Taylor Alatorre: Ostensibly a song about the intergenerational traumas of alcohol addiction, this is really part of a controlled experiment about how many people you can trick into hearing something deeply transcendent in the pious crooning of a literary female name. The comparison groups in this experiment are “Ophelia,” “Cleopatra,” and “Angela.”
[3]

Alfred Soto: To be a Lumineer is to flicker in obeisance to a phantom woman bound in Van Morrison, Christian theology, and bullshit. Gravely vocal and acoustic strums not required.
[1]

Jonathan Bradley: I guess a Lumineer would be a traveler who sets out in search of the light, which is one way to understand the rousing cheer that distinguishes this group’s songs. (It also might characterize the optimism of a folk-rock group that gives their original work a girl’s name already bound to extremely familiar songs by giants like U2 or Laura Branigan or Patti Smith and Them.) I wonder what the Lumineers might find if they were willing to turn away from their light for a moment: if they could maintain their blazing intensity of feeling without resolving their melodies at the end of every stanza that passes by.

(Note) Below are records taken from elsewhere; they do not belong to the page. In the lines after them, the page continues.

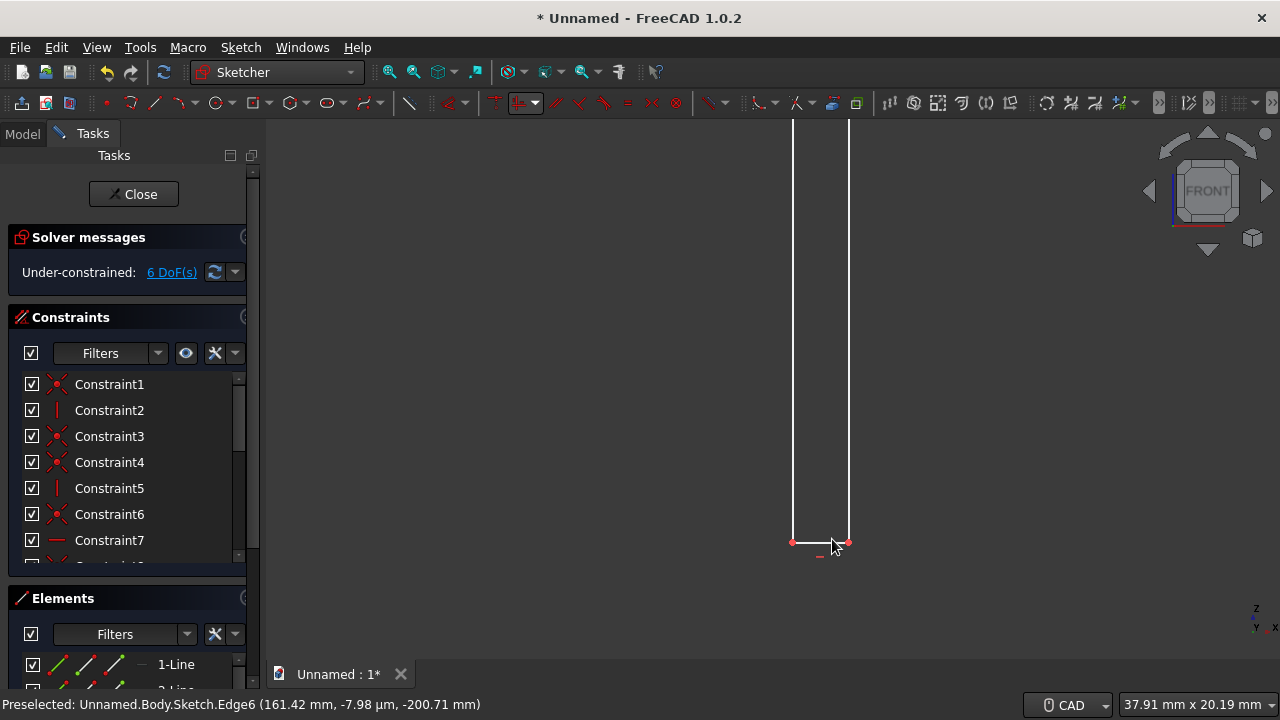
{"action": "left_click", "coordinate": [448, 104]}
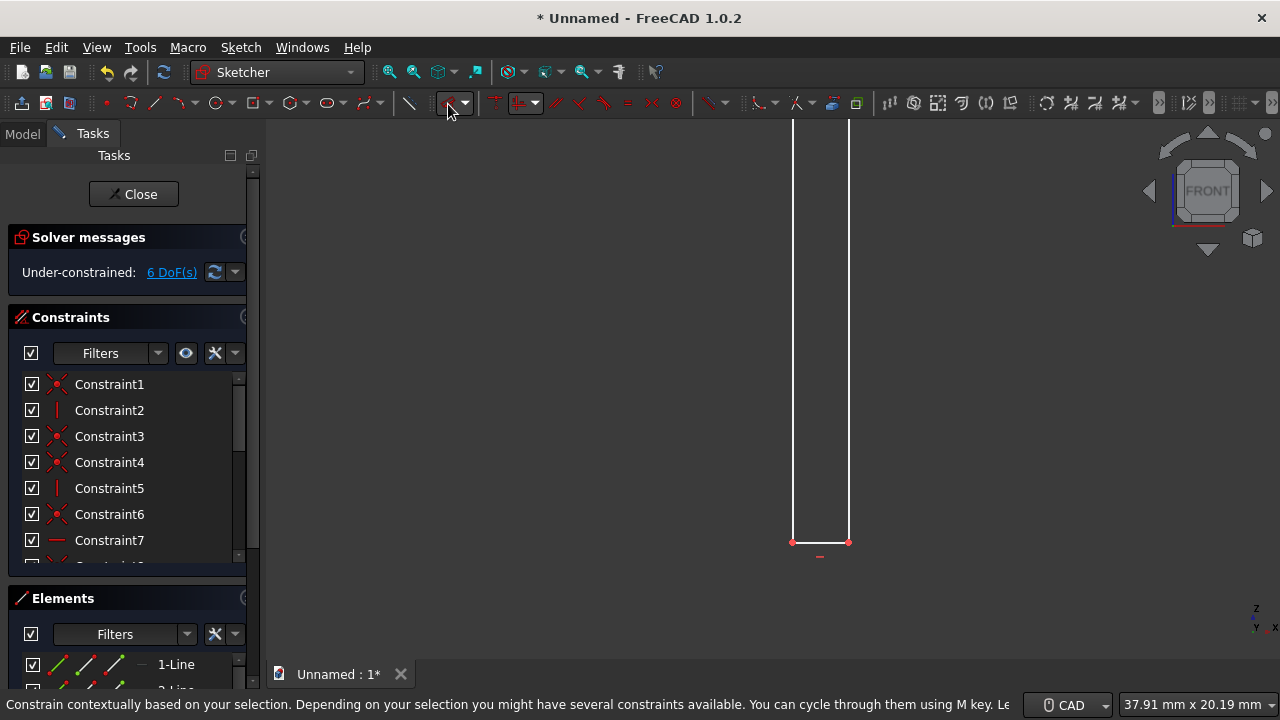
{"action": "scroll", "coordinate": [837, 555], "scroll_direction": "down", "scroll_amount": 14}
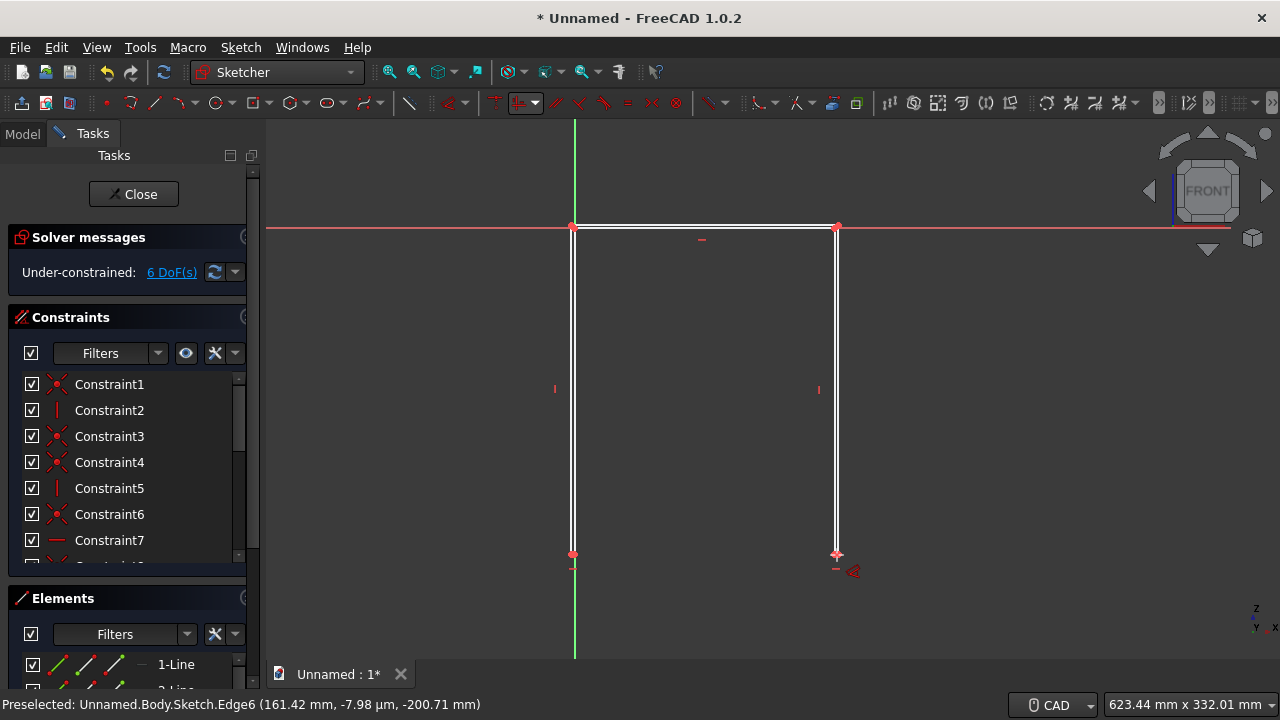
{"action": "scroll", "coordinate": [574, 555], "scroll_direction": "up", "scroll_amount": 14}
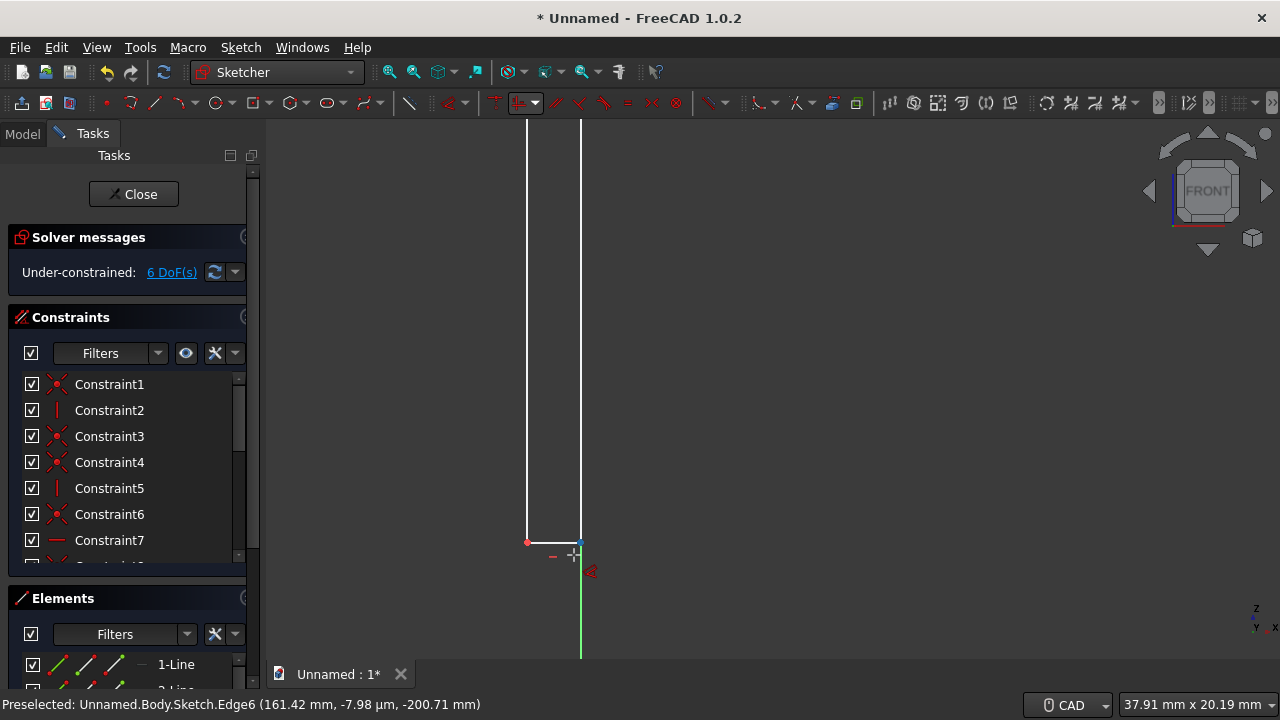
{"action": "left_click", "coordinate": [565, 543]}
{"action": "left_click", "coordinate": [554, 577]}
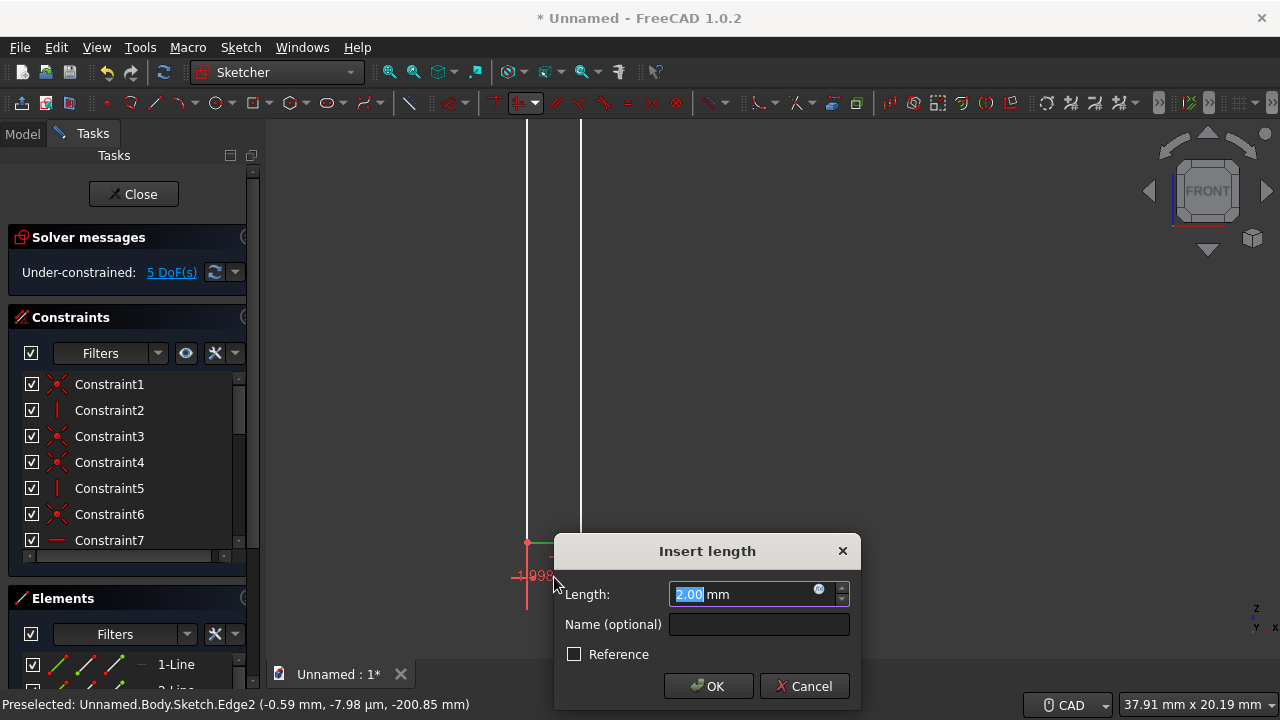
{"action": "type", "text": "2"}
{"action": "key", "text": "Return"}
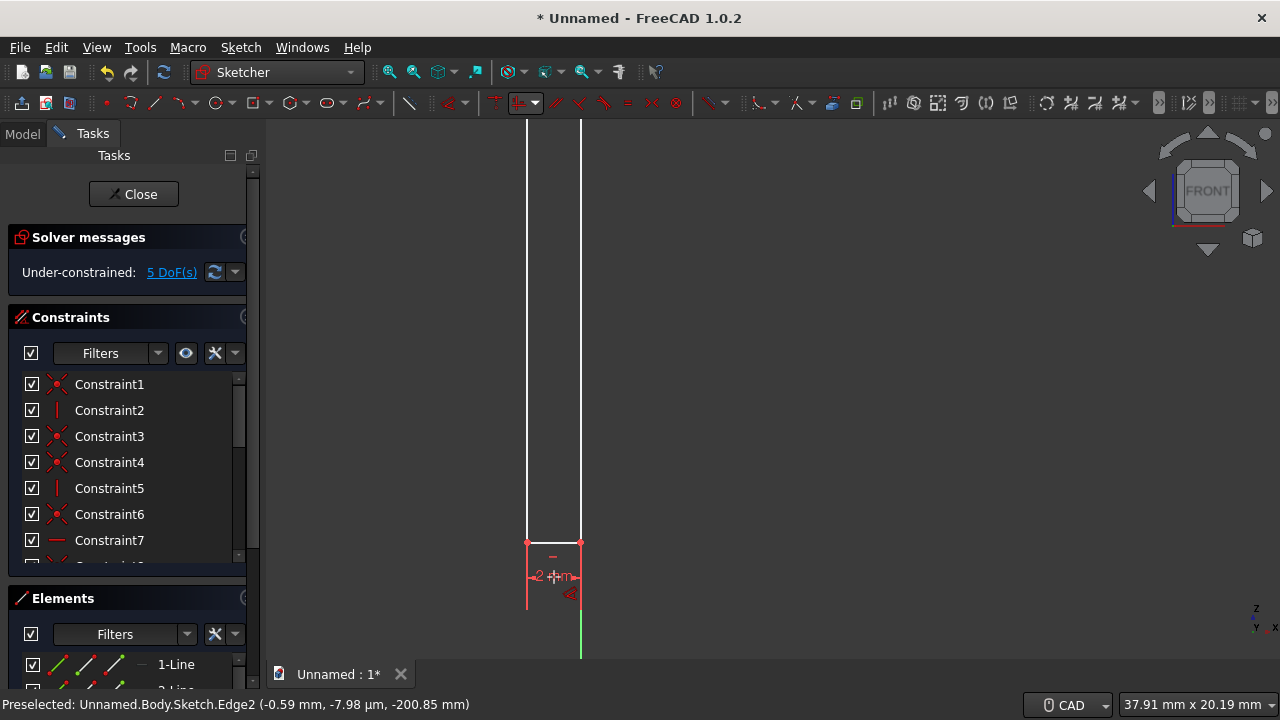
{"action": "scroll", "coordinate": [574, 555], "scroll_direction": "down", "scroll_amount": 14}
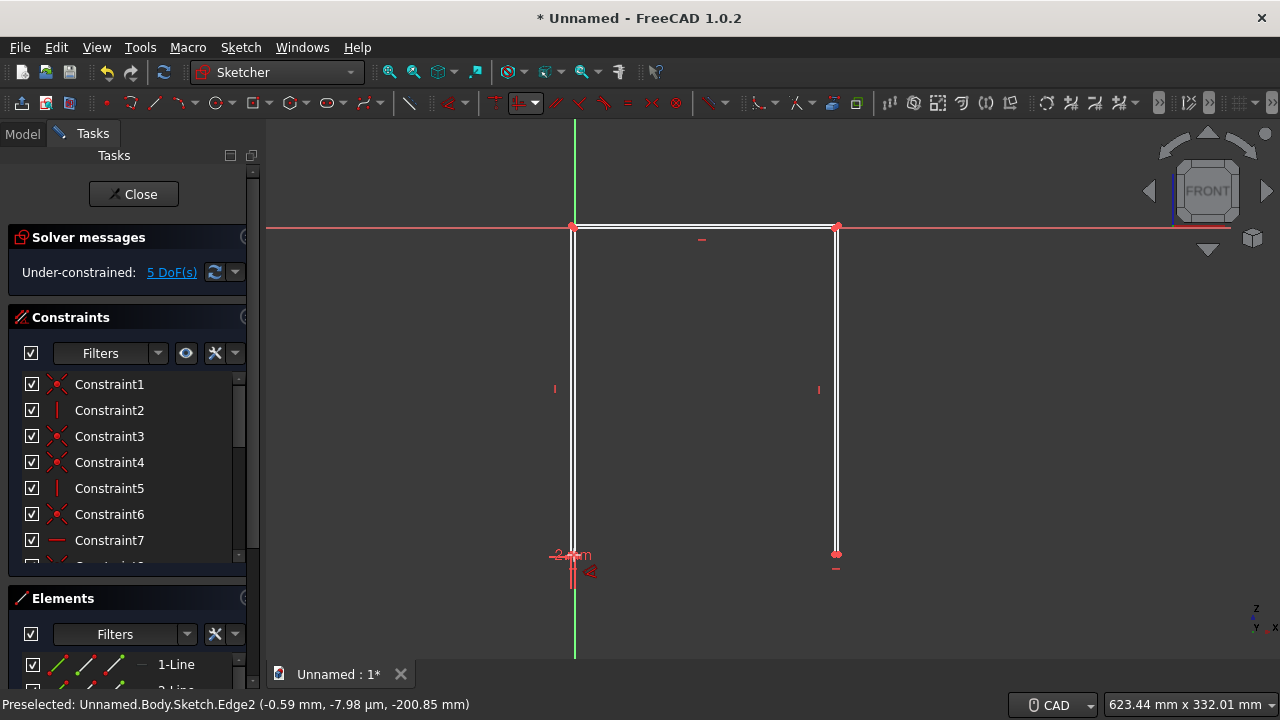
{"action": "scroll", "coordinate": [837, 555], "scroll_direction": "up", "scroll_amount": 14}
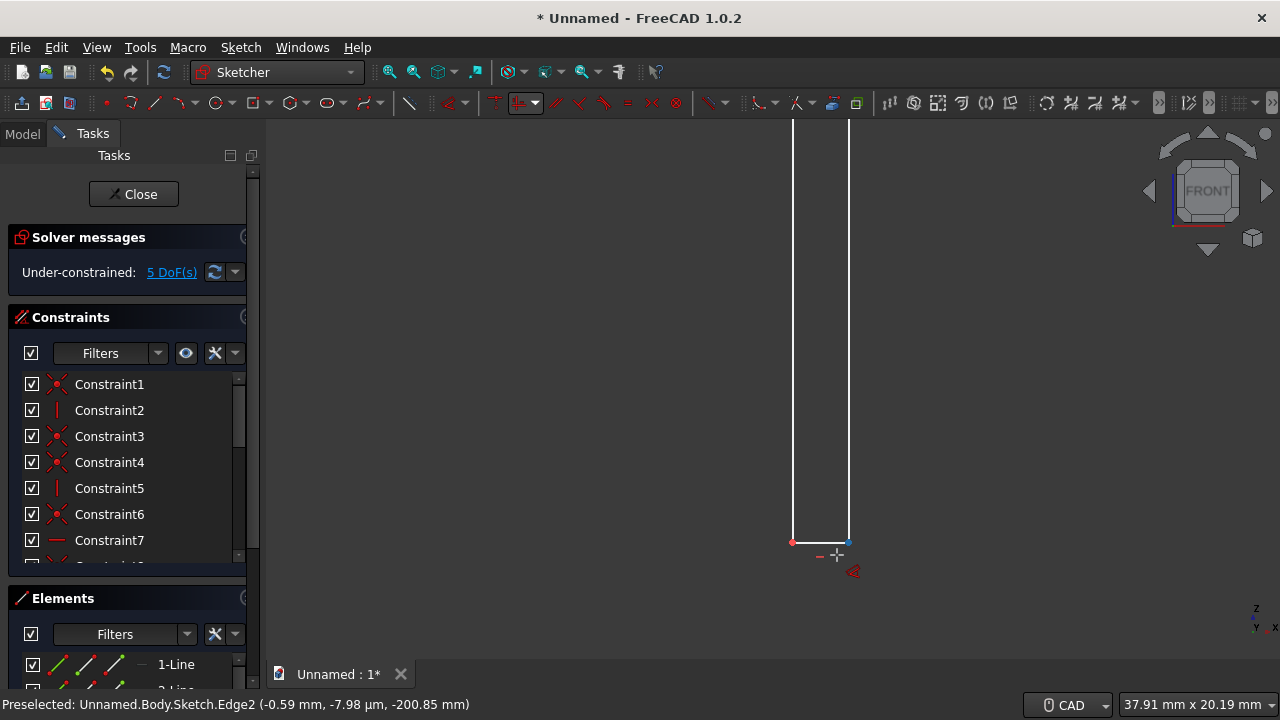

What if they were hoping to find something?
[4]

Alex Clifton: I listened to this and thought, “Dang, this sounds just like their first album, which came out when I was in undergrad. What year was that anyway?” Folks, that was 2012, which it turns out was a whole seven years ago. And in all those seven years, the Lumineers have been doing the same goddamn thing. It’s not necessarily bad, per se — their music has always been competent plonky folk-pop that makes my heart feel a little lighter — but it feels starkly weird in 2019 to hear something that immediately transports me back to the beginning of the 2010s. So much else in the world has changed; I wish these guys would grow a little more, too.
[4]

Katie Gill: It’s certainly a Lumineers song! And it’s certainly a Lumineers song that I would have heard back in like, 2014. It’s fun and charming in it’s own way with a lovely piano break that I honestly wasn’t expecting, but it is nothing if not a teensy bit outdated.
[5]

Joshua Minsoo Kim: Even The Lumineers seem to know just how much this song is riding on the borrowed gravitas of vague religiosity and lazy vocal chants. “Have you had enough,” they sing, a few seconds before the song comes to an end. Was this all meant to be torture?